Long‐Term Wheel Traffic Effects on Soil Physical Properties under Different Tillage Systems

This study determined the effects of long‐term vehicular wheel traffic on soil physical properties for a Mattapex silt loam (fine‐loamy, mixed, mesic Aquic Hapludult) under different tillage systems. The site utilized a randomized complete‐block design with four replications of continuous‐corn ( Zea mays L.) plots under no‐till and conventional till, both of which had controlled wheel traffic for 14 yr. Wheel‐traffic loads during the 14‐yr period had been confined to axle loads of <4.5 Mg. Wheel traffic generally increased bulk density and soil strength. Wheel traffic resulted in over a 50% increase in soil strength when compared with non‐wheel‐tracked areas.
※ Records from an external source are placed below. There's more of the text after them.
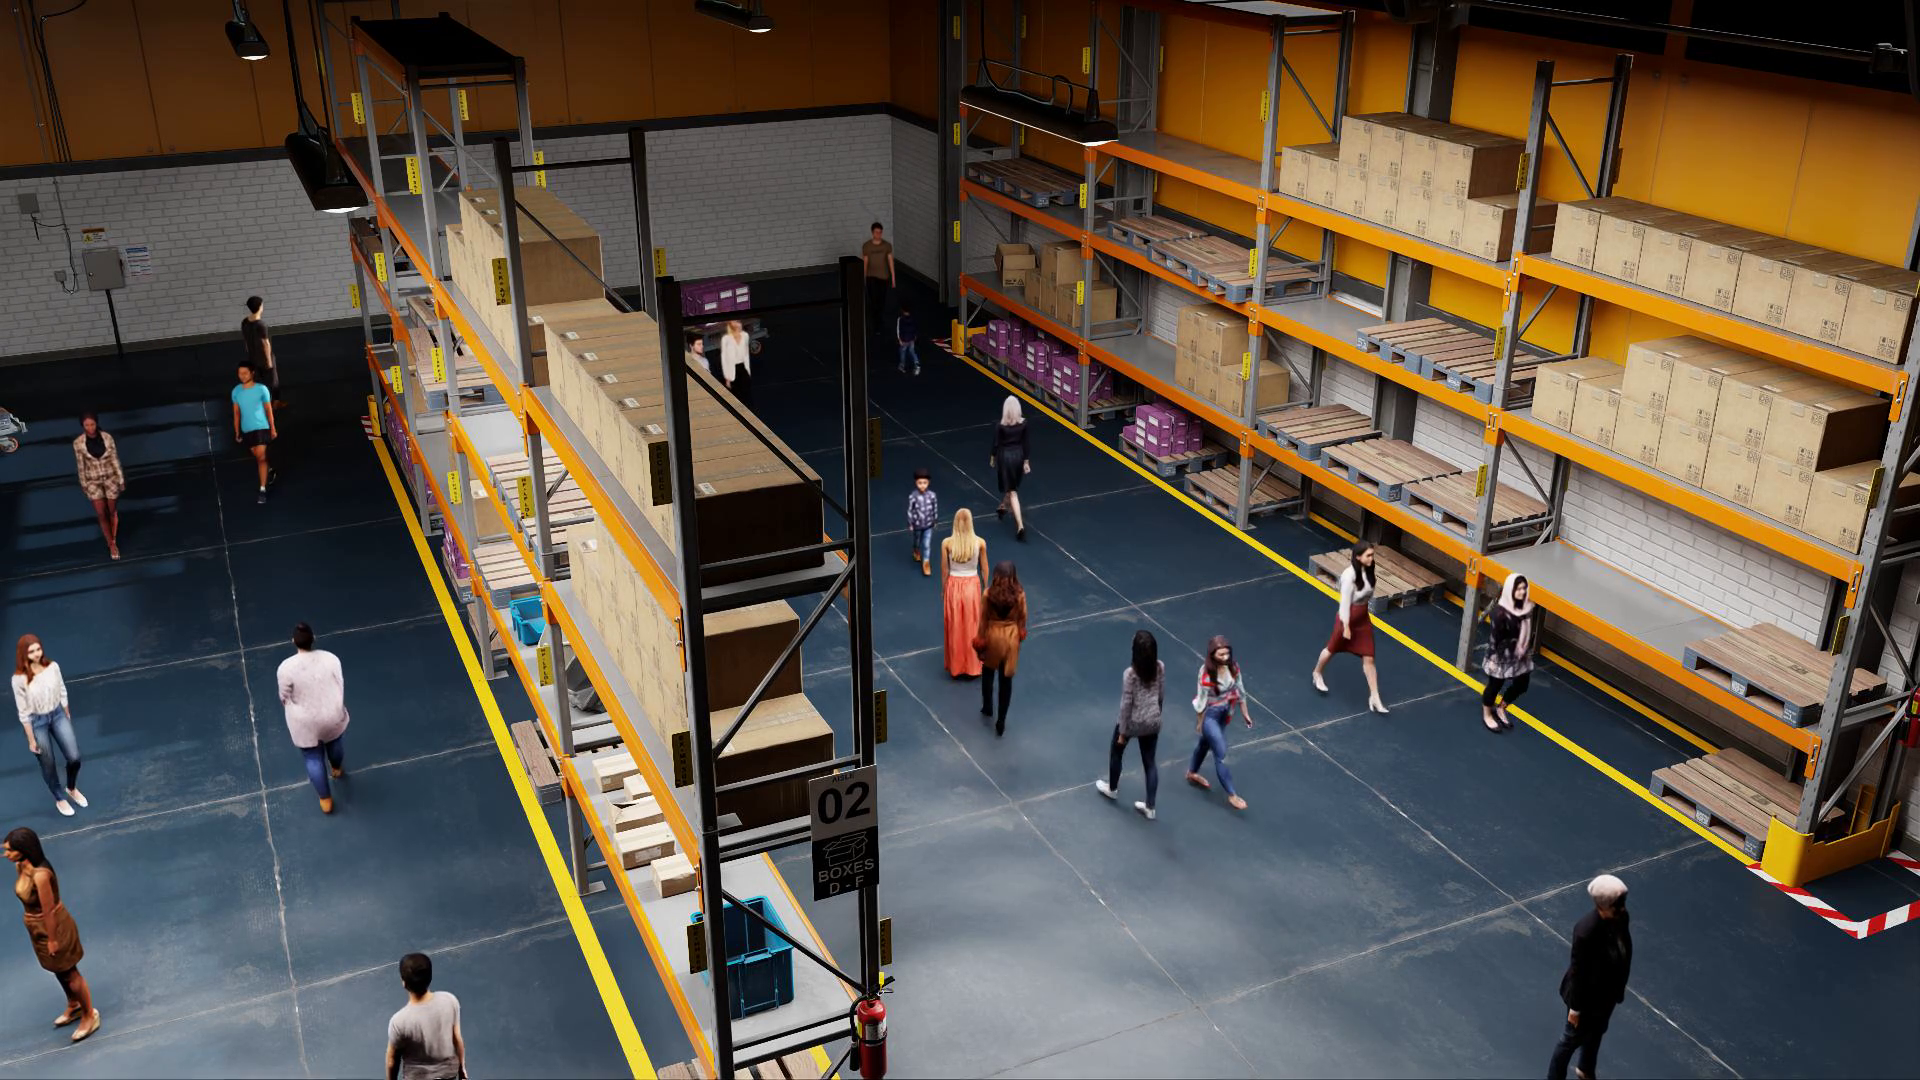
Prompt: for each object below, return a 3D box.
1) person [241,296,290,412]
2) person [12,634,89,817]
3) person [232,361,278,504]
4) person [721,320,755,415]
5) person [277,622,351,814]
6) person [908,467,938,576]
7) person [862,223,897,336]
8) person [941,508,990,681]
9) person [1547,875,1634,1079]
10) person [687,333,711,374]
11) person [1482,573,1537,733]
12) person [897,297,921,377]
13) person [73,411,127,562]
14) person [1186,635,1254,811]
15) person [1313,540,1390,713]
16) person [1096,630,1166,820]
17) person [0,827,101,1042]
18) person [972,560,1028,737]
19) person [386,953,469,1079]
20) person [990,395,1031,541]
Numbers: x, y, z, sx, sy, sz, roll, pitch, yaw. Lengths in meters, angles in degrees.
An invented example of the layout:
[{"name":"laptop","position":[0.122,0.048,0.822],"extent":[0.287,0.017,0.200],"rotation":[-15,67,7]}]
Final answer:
[{"name":"person","position":[-10.046,-2.604,23.740],"extent":[1.022,1.696,1.051],"rotation":[10,26,22]},{"name":"person","position":[-7.836,1.553,14.203],"extent":[0.678,1.718,0.659],"rotation":[21,31,40]},{"name":"person","position":[-8.850,-1.407,20.954],"extent":[0.958,1.735,1.224],"rotation":[1,24,2]},{"name":"person","position":[-3.099,-2.208,22.716],"extent":[0.736,1.792,1.216],"rotation":[-15,28,-30]},{"name":"person","position":[-5.519,1.536,14.250],"extent":[0.717,1.711,1.011],"rotation":[-12,27,-26]},{"name":"person","position":[-0.431,-0.244,18.916],"extent":[0.621,1.237,0.838],"rotation":[-4,24,-9]},{"name":"person","position":[-1.364,-4.363,27.628],"extent":[0.914,1.805,1.323],"rotation":[-4,24,-9]},{"name":"person","position":[0.032,0.535,16.428],"extent":[0.727,1.802,0.742],"rotation":[2,24,4]},{"name":"person","position":[3.990,2.797,10.394],"extent":[0.737,1.777,0.624],"rotation":[-14,27,-29]},{"name":"person","position":[-3.493,-1.769,21.627],"extent":[1.198,1.859,0.980],"rotation":[17,29,33]},{"name":"person","position":[5.045,1.025,15.528],"extent":[0.636,1.625,0.654],"rotation":[-12,26,-25]},{"name":"person","position":[-0.781,-3.115,25.517],"extent":[0.529,1.209,0.795],"rotation":[-12,26,-25]},{"name":"person","position":[-9.911,-0.659,19.190],"extent":[0.663,1.777,0.730],"rotation":[-17,29,-34]},{"name":"person","position":[2.152,1.512,14.480],"extent":[1.068,1.571,0.795],"rotation":[22,32,40]},{"name":"person","position":[3.689,0.798,15.964],"extent":[0.783,1.692,1.164],"rotation":[-17,29,-34]},{"name":"person","position":[1.573,1.600,14.103],"extent":[0.679,1.712,0.882],"rotation":[-12,26,-25]},{"name":"person","position":[-6.323,2.720,11.576],"extent":[0.589,1.684,0.699],"rotation":[17,29,34]},{"name":"person","position":[0.403,1.029,15.418],"extent":[0.829,1.706,0.894],"rotation":[-2,24,-5]},{"name":"person","position":[-3.213,3.327,10.190],"extent":[1.204,1.681,0.884],"rotation":[22,32,40]},{"name":"person","position":[0.627,-0.820,19.655],"extent":[0.578,1.700,1.121],"rotation":[-10,25,-21]}]
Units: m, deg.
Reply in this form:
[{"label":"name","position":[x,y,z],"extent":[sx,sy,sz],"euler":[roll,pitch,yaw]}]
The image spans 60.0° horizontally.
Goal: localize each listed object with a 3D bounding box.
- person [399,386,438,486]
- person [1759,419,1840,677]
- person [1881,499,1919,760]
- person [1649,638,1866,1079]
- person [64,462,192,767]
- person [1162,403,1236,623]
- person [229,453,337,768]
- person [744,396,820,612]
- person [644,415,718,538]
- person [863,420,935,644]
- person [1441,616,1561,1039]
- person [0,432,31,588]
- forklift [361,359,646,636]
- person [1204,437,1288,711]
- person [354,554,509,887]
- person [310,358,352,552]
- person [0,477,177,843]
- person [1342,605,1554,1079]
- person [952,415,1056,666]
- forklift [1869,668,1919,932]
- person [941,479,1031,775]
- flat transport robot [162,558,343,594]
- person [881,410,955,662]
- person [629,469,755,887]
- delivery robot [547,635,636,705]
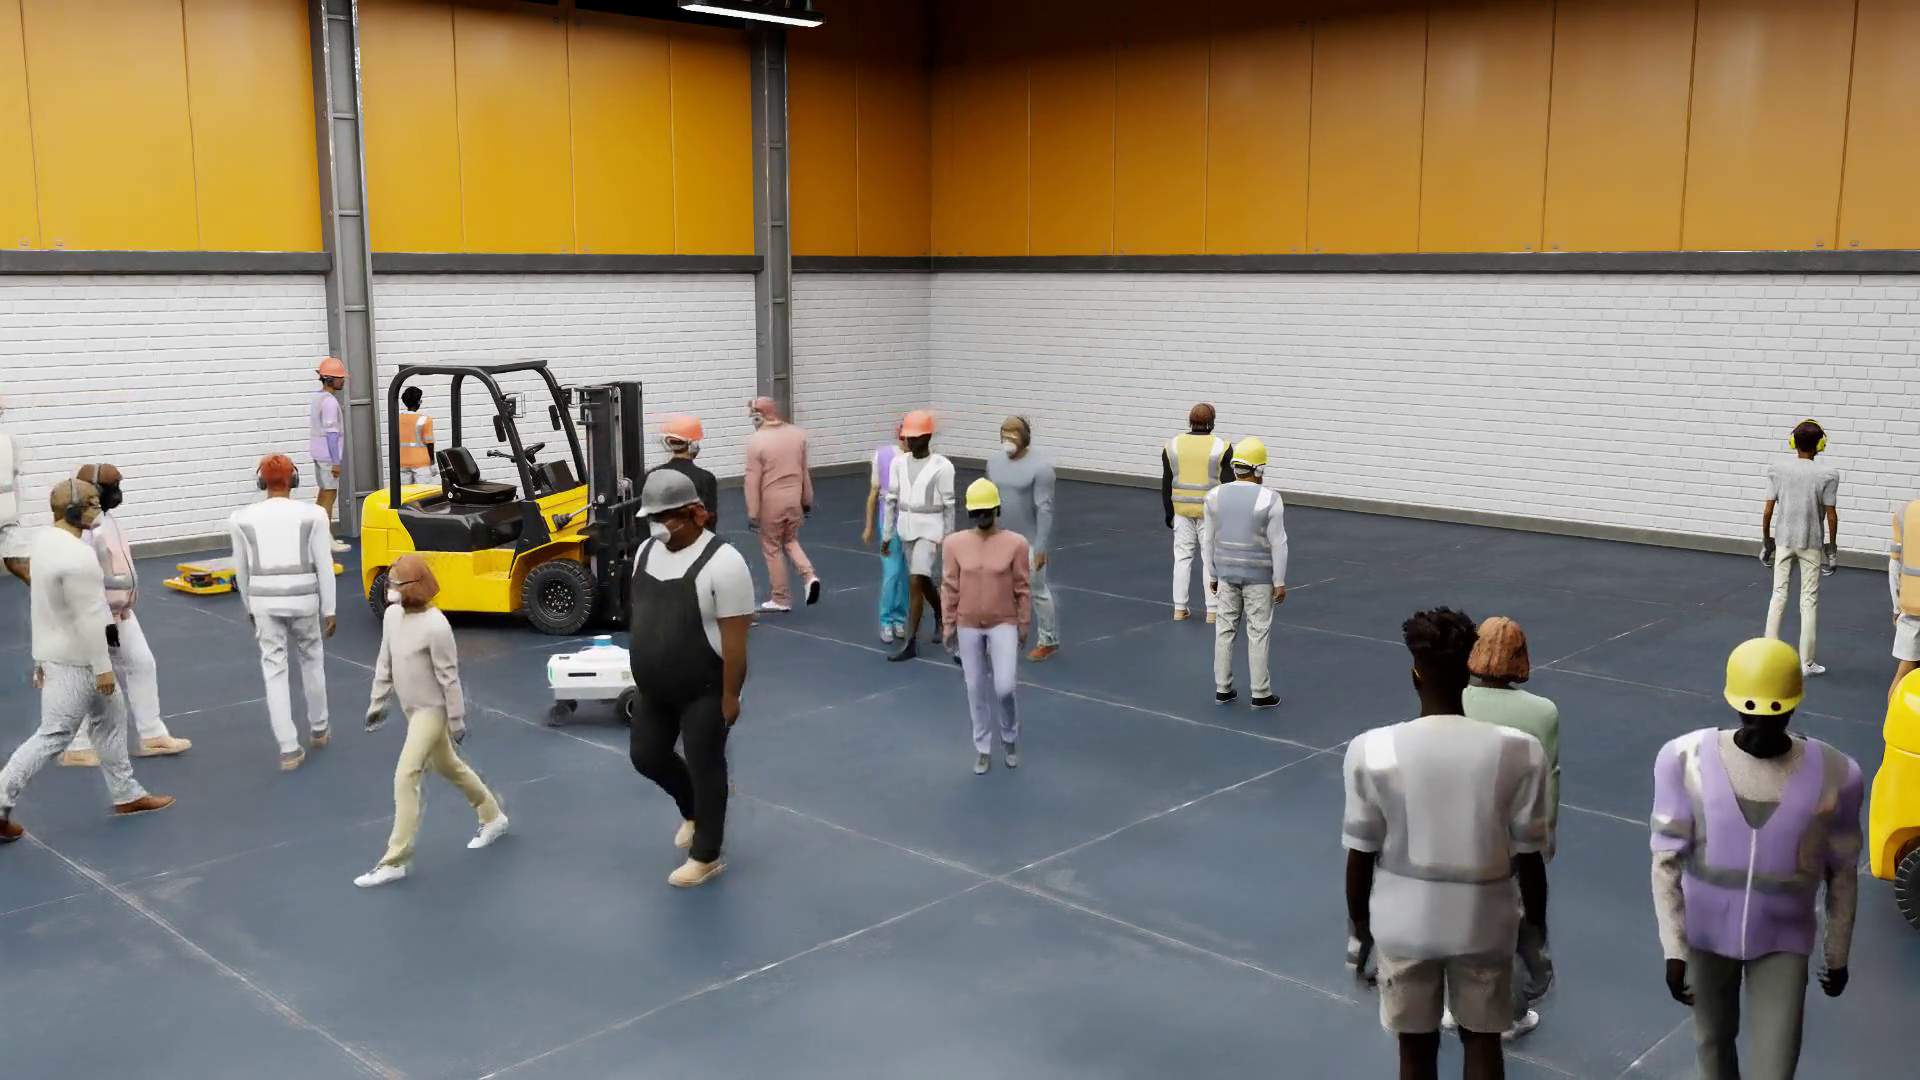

The relative soil strength increase from wheel traffic was less for no‐tilled soil than conventionally tilled soil, although the mean increase (∼40 kPa) was the same for both tillage systems. Wheel‐traffic effects on bulk density and soil strength decreased with depth and were largely dissipated by the 30‐cm depth. The presence of wheel traffic in the conventionally tilled interrows significantly reduced the pore volume of pores >15 µm in the upper 17.8‐cm portion of the soil, but did not cause similar reductions in the no‐tilled interrows. Conventionally tilled soil exhibited more pore space in the 15‐ to 0.1‐µm radius range that should retain plant‐available water. Wheel traffic did not exhibit statistically significant effects for the 15‐ to 0.1‐µm range. Neither tillage system nor wheel traffic adversely changed soil physical properties so much that detrimental conditions for plant growth would be encountered. Reasonable doubt exists regarding the necessity to subsoil this soil on a regular basis to alleviate the effects of wheel traffic or continuous no‐tillage management as long as small‐scale farm equipment has been used.